◆ Required action:
Extract only the lines running from the top of the entries to the line that holds "- car [1861,831,2076,932]". Include that line and omit the pictures.

|---|

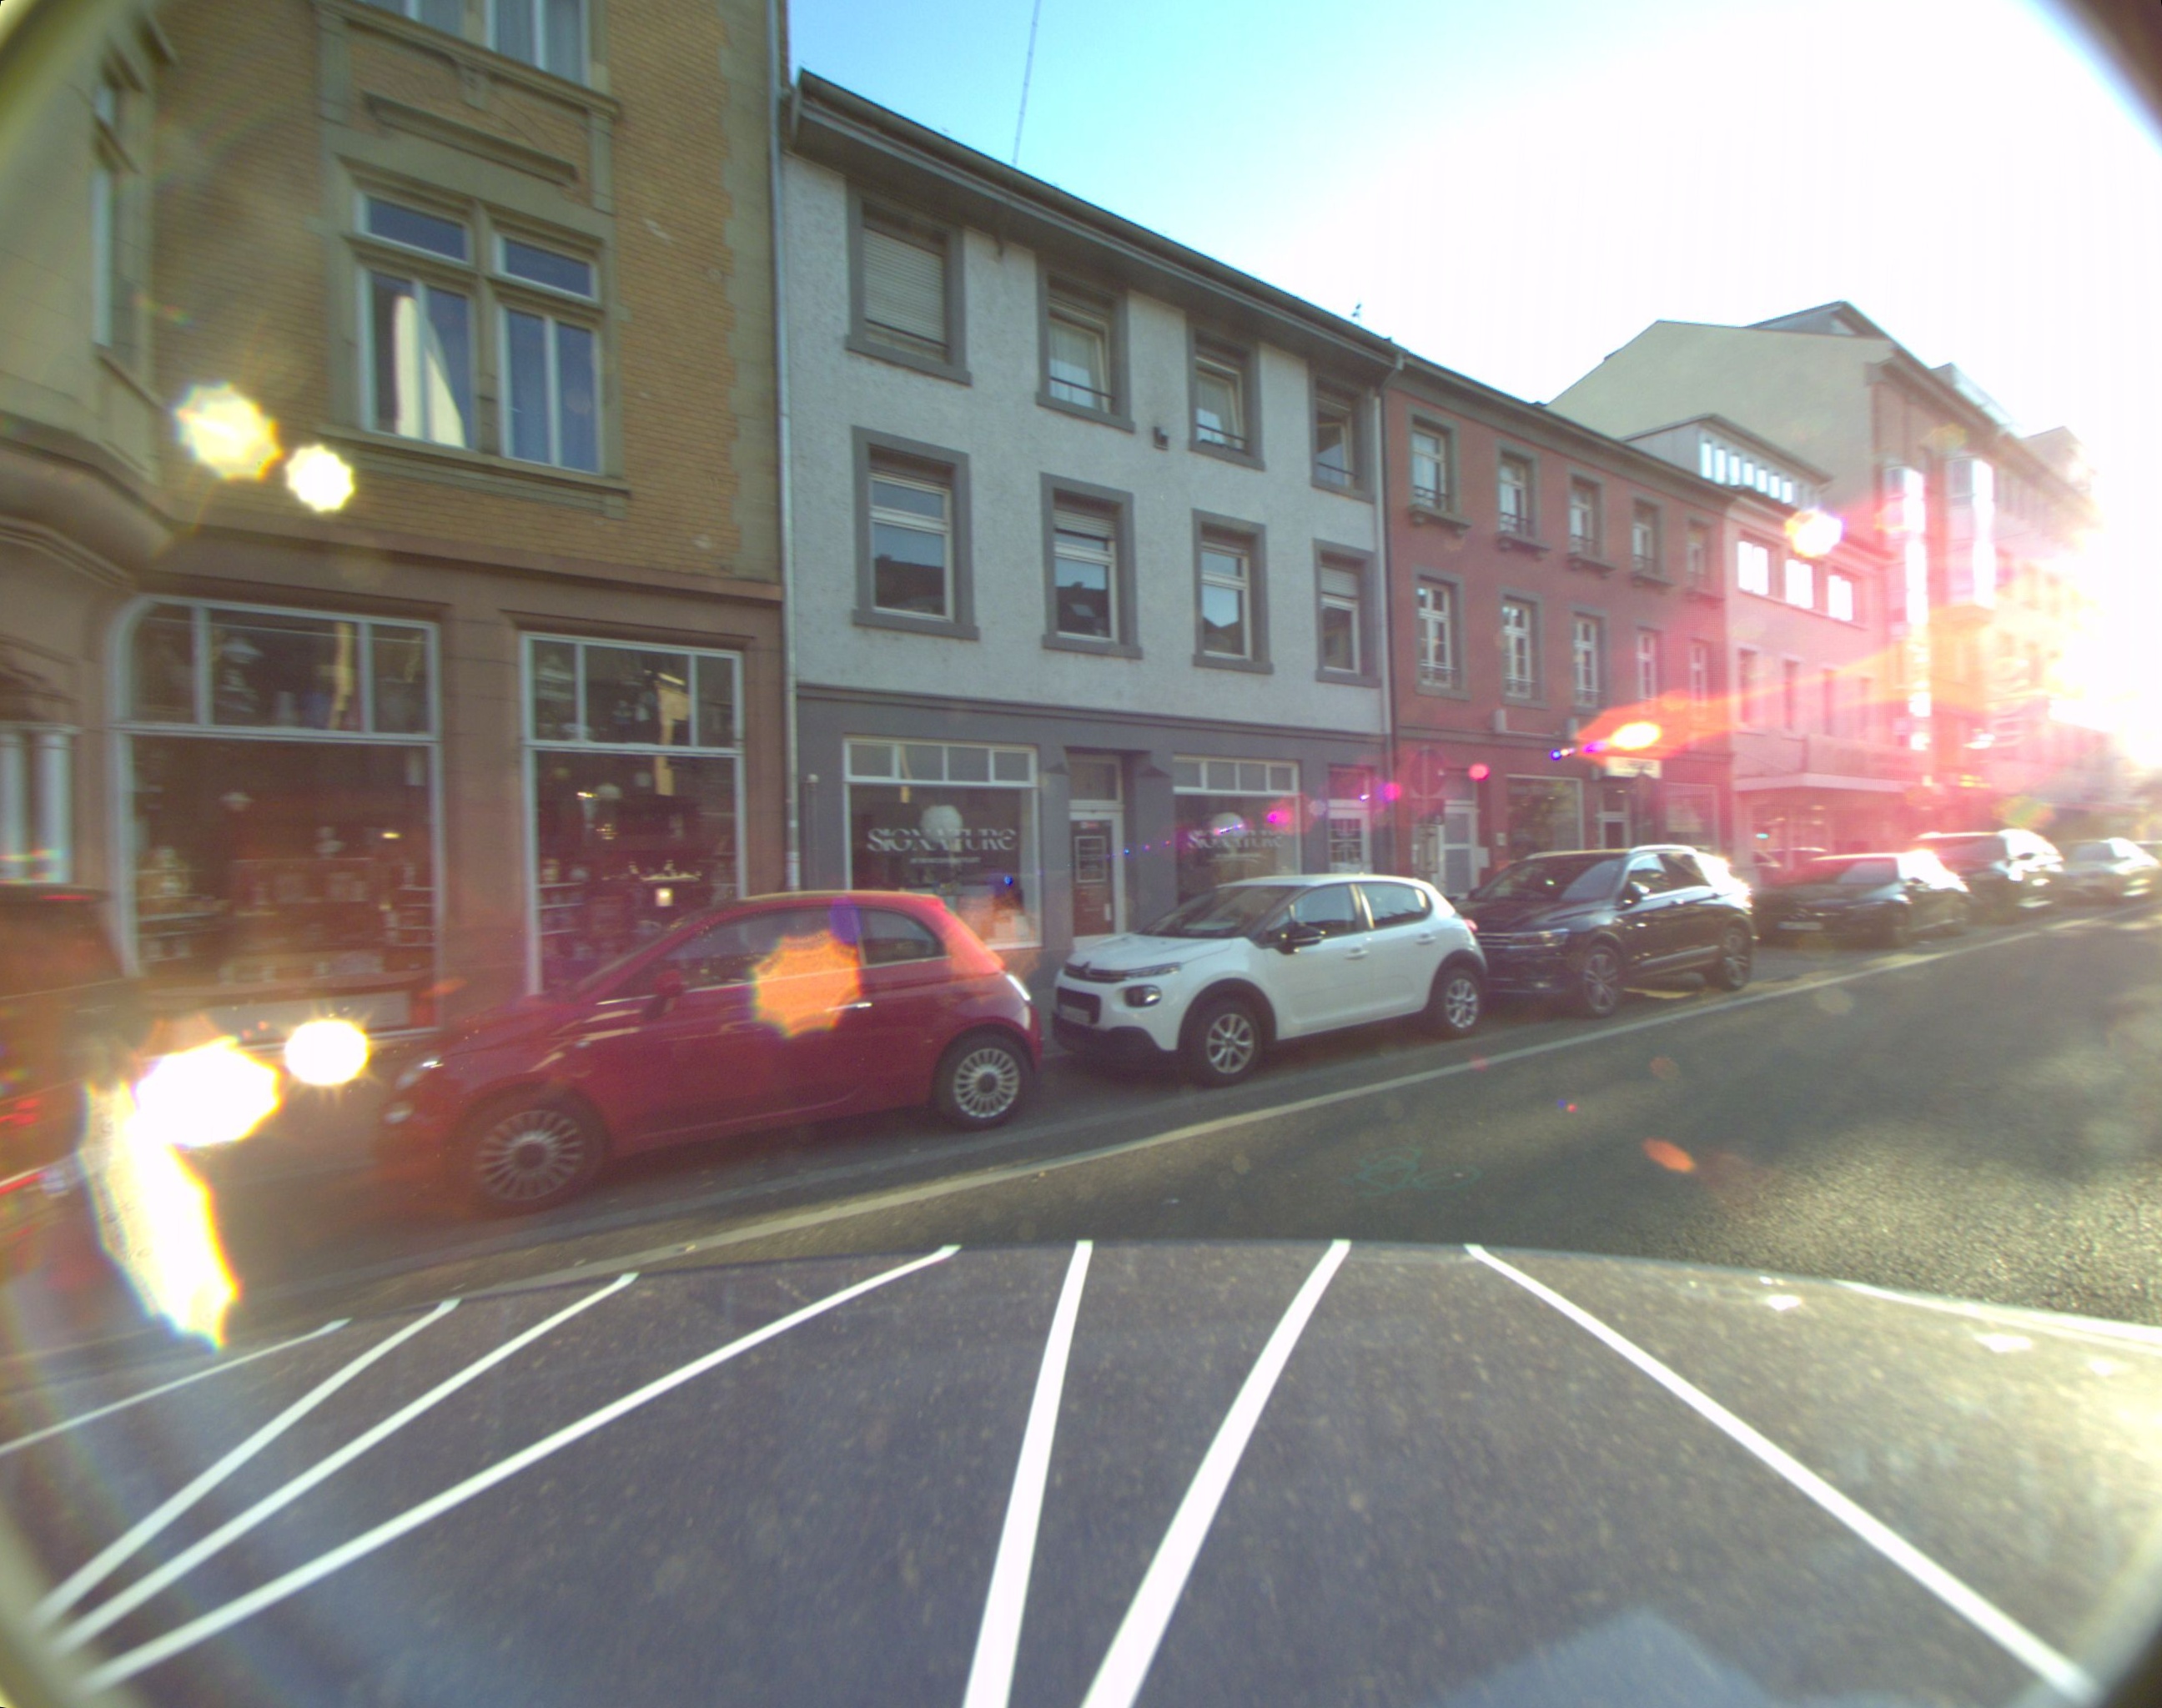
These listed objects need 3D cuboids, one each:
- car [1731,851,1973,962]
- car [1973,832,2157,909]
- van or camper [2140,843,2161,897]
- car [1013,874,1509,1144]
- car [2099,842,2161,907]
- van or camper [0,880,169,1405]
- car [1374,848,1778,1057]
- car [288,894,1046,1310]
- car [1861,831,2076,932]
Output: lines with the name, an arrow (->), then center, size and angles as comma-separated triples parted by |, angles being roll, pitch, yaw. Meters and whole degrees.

|---|

◆ Solution to the exercise:
These listed objects need 3D cuboids, one each:
- car [1731,851,1973,962]
- car [1973,832,2157,909]
- van or camper [2140,843,2161,897]
- car [1013,874,1509,1144]
- car [2099,842,2161,907]
- van or camper [0,880,169,1405]
- car [1374,848,1778,1057]
- car [288,894,1046,1310]
- car [1861,831,2076,932]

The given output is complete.